*Data for processing*:

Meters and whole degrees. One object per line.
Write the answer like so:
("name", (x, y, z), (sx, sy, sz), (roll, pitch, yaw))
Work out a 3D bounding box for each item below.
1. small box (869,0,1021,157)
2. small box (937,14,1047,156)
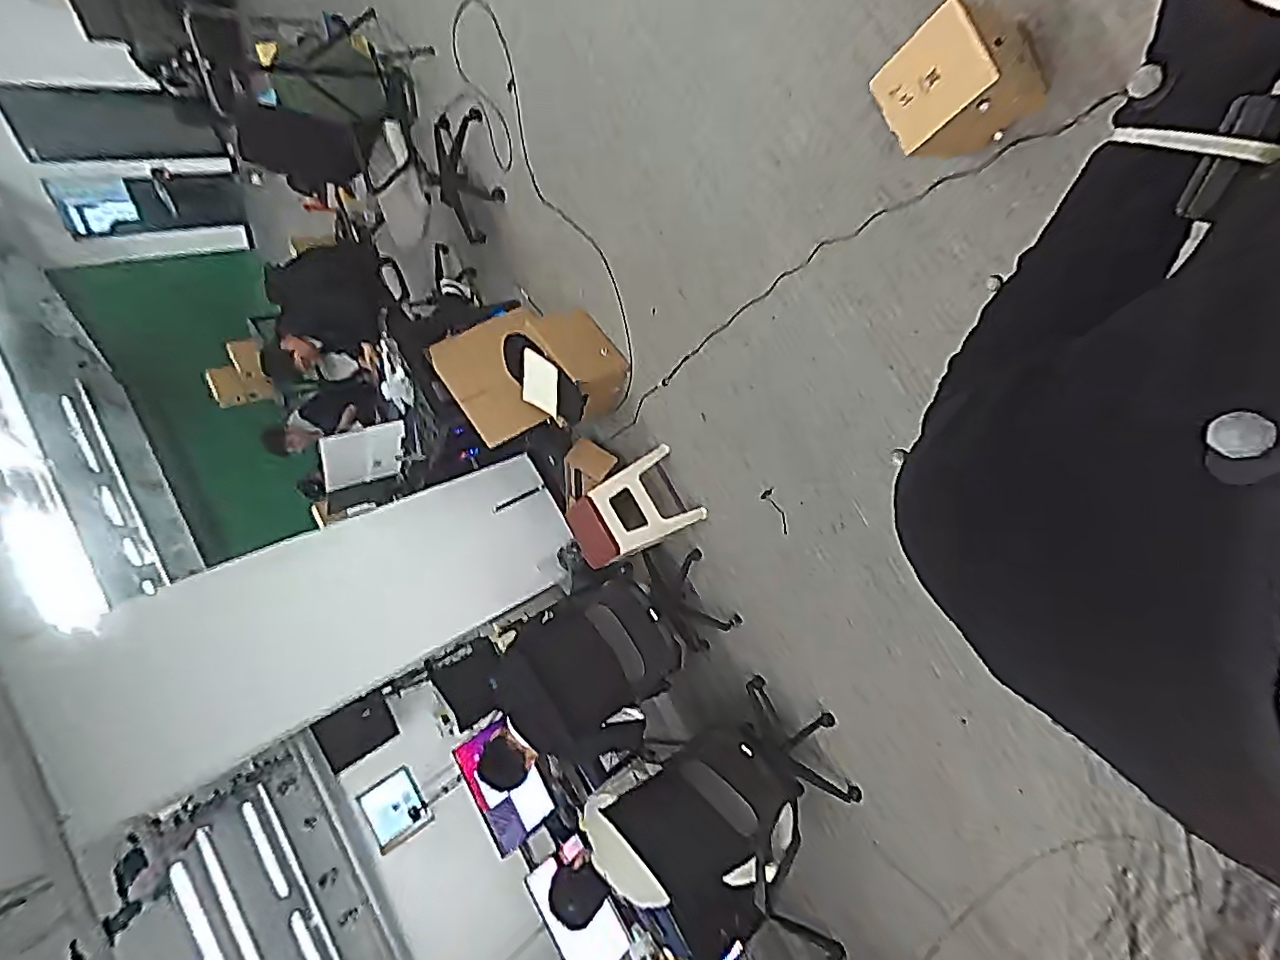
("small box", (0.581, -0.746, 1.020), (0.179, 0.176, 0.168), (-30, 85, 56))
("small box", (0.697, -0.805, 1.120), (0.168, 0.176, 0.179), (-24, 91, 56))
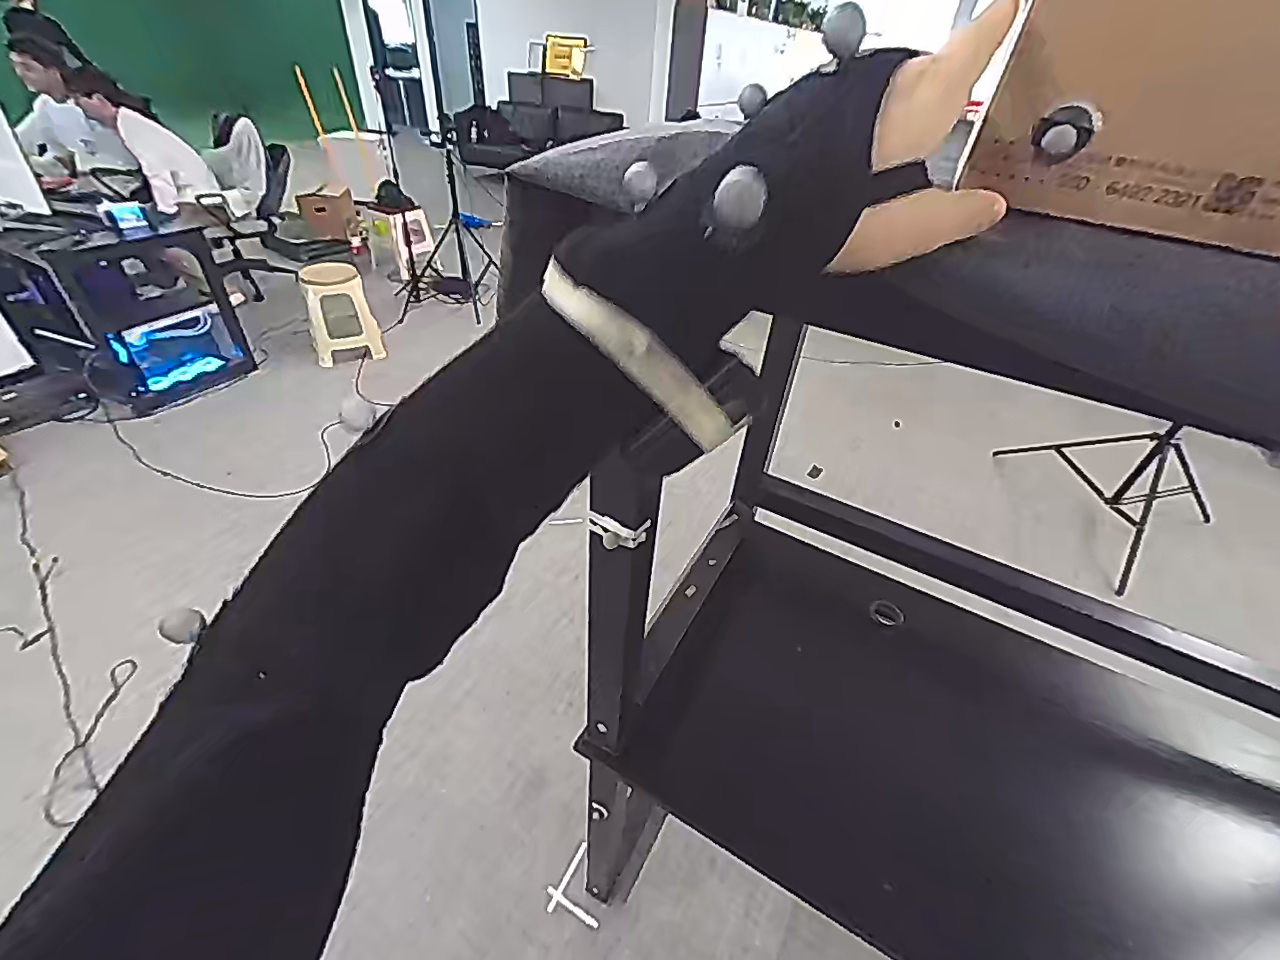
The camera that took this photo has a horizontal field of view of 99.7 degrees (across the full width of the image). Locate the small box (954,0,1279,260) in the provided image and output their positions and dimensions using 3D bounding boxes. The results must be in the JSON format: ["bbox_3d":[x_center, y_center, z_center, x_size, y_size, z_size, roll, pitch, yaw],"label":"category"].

*Description of the task*:
Your output should be an exact copy of the lines from the top of the listing above to the line with "1. small box (869,0,1021,157)", both ends included.

*Answer space*:
Meters and whole degrees. One object per line.
Write the answer like so:
("name", (x, y, z), (sx, sy, sz), (roll, pitch, yaw))
Work out a 3D bounding box for each item below.
1. small box (869,0,1021,157)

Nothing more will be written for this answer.